Extracted data entries:
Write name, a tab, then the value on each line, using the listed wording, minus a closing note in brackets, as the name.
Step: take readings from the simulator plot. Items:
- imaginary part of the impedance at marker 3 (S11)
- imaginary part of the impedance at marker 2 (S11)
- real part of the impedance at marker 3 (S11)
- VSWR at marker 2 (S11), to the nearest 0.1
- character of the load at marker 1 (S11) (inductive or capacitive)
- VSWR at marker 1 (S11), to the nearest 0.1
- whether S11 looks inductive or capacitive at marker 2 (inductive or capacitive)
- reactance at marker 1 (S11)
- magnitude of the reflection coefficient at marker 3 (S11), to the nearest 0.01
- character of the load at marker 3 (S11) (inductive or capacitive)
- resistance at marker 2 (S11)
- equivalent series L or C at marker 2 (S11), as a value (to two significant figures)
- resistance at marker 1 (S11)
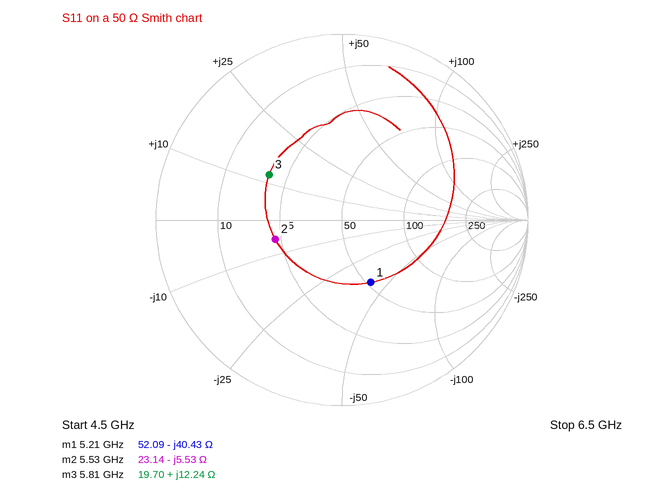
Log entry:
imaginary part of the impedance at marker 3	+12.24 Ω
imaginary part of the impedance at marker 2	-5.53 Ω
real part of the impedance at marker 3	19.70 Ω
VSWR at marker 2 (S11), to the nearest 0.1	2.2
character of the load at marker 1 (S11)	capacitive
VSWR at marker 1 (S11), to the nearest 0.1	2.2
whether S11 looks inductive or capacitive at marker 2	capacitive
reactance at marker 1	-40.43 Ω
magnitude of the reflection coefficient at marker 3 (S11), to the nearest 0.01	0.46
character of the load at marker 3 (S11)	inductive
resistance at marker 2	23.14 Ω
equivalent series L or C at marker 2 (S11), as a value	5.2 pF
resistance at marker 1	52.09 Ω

--

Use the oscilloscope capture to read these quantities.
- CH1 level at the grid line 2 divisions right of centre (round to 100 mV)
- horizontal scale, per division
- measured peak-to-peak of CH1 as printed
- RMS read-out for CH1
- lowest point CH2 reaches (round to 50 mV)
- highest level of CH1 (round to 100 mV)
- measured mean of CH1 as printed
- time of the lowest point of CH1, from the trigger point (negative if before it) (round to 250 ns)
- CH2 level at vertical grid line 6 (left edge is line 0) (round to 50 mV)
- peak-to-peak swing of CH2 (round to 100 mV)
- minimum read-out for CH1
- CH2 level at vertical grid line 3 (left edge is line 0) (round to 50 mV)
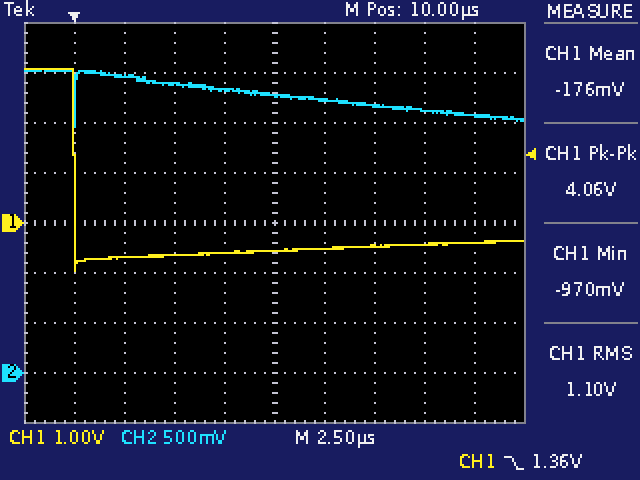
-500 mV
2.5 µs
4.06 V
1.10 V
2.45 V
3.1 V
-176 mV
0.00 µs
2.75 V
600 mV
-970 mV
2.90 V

**AIM OF THE TASK:** Could you restate, word for word, the lines above from the one with "- measured mean of CH1 as printed" to the one with "- minimum read-out for CH1", both included?

**REPLY:**
- measured mean of CH1 as printed
- time of the lowest point of CH1, from the trigger point (negative if before it) (round to 250 ns)
- CH2 level at vertical grid line 6 (left edge is line 0) (round to 50 mV)
- peak-to-peak swing of CH2 (round to 100 mV)
- minimum read-out for CH1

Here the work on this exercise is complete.